I was resistant. The whole concept was repugnant. Working with metal, acid and various other chemicals, as well as with those strange tools, seemed much too indirect. And how could I bring my visceral experience of warm paint and welcoming canvas to a world of cold copper plates and hard steel tools?
He persisted and eventually I gave in, but the commission was put on hold. I took a six week course in printmaking at the Pratt Graphic Center, when it was still on Broadway, in Greenwich Village. After that I began making etchings and dry-points. Among those who knew me, I was the only one surprised to see my disdain and aversion quickly become curiosity and pleasure. Enchanted with this additional dimension of expression I bought a small press and began printing at home on week-ends. It was magical and thrilling, and it was aggravating: I loved the prints and making the plates, but I hated the actual printing. After about a year I gave my press to a friend.
Murray was also pleased and disappointed. He liked the work and sold it, but what he had in mind was lithography. When I complained that lithography was too complicated for me to want to grapple with, he said "Nonsense! You'll pick it up in twenty minutes." Because I would have a master printer doing the printing and my only responsibility would be drawing on the stones, I agreed. It was 1968 and Murray re-secured the commission I had previously evaded. The commission called for me to work at the Bank Street Atelier where, after first observing other artists and printers for a short while, I began drawing on a stone. That moment was the small beginning of what was to become an enormous undertaking that I would pursue, with a troubling mixture of deep joy and great frustration, for twenty-three years, through over four hundred and fifty images.
The experience at Bank Street was engrossing and gave me hints of lithography's secrets, but the master printers were not really much more than apprentices with a title. One notable disaster was my being given an uneven stone, a stone thicker at one end. After two weeks of eight hour days meticulously drawing on this inappropriately selected stone, they discovered, when they went to print it, the discrepancy in thickness, and that it was unprintable. "What now?" "You'll draw it again."
After a series of some successes and some mishaps I could see the esthetic potential for my working in this medium, but I wasn't sure I wanted to struggle with what seemed the hit and miss suspense of what each work would become. If my drawing on stone looked complete and as satisfying as I could imagine, why wouldn't it faithfully print? The answer was in finding a printer who was truly a master of his craft. And, of equal consequence, who himself was not an artist quietly resentful of having to earn a living by printing for a more fortunate colleague.

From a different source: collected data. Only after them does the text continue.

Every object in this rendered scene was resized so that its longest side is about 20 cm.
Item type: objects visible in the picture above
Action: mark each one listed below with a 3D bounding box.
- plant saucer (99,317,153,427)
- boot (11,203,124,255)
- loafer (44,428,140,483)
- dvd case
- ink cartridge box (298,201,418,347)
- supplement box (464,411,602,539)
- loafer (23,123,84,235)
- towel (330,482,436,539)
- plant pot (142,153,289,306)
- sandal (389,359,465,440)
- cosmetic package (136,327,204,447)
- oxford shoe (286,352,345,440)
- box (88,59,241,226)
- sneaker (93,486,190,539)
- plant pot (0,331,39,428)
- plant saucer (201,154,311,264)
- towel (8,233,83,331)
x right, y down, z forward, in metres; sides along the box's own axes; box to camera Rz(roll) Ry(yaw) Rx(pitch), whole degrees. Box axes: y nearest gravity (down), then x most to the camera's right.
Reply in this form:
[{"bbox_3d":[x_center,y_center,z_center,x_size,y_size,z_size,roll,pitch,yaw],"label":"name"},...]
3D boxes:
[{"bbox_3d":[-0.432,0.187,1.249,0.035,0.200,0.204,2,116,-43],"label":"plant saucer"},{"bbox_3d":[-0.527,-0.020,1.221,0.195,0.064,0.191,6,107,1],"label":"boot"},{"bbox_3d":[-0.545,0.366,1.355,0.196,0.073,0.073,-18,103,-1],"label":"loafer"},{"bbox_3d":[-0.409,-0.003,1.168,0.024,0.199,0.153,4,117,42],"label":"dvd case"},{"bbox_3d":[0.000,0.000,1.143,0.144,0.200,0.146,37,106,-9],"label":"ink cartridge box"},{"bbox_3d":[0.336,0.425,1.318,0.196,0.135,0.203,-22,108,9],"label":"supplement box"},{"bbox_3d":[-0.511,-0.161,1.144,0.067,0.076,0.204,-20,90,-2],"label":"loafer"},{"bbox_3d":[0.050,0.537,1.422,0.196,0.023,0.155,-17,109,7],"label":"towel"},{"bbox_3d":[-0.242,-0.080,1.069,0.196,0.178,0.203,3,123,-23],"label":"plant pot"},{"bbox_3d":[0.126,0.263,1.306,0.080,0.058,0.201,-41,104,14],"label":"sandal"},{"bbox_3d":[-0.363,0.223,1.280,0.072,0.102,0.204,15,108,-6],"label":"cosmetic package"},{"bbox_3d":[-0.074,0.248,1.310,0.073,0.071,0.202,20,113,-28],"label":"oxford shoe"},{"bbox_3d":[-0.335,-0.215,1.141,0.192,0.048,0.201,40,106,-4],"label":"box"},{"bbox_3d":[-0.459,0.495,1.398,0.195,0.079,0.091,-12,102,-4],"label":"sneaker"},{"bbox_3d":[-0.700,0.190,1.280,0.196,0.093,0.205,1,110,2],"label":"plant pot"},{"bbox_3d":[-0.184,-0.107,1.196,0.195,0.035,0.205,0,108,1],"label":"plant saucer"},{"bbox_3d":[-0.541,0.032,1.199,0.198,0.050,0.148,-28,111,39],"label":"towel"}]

At this time I was commissioned by Sylvan Cole, director of the Associated American Artists (AAA) to do two editions. Their printer was the workshop of George C. Miller & Son, and this was another important beginning in my career.
George Miller had died a few years before, and I went to print with his son, Burr. George had been the first fine art lithographer in America, in 1915, and he was widely considered to be the finest printer of black and white lithographs from stone in the world. Burr had apprenticed with his father, and he too was a devoted professional, a man of the highest standards, for whom the concept "good enough" would never do. Incidentally, it's relatively easy to learn to print a lithograph. The great dividing between the rare, gifted printer and all the others is the vast knowledge and the inventive resourcefulness that can be called upon when things go wrong, and in lithography things go wrong. That's when the master shows what he can do.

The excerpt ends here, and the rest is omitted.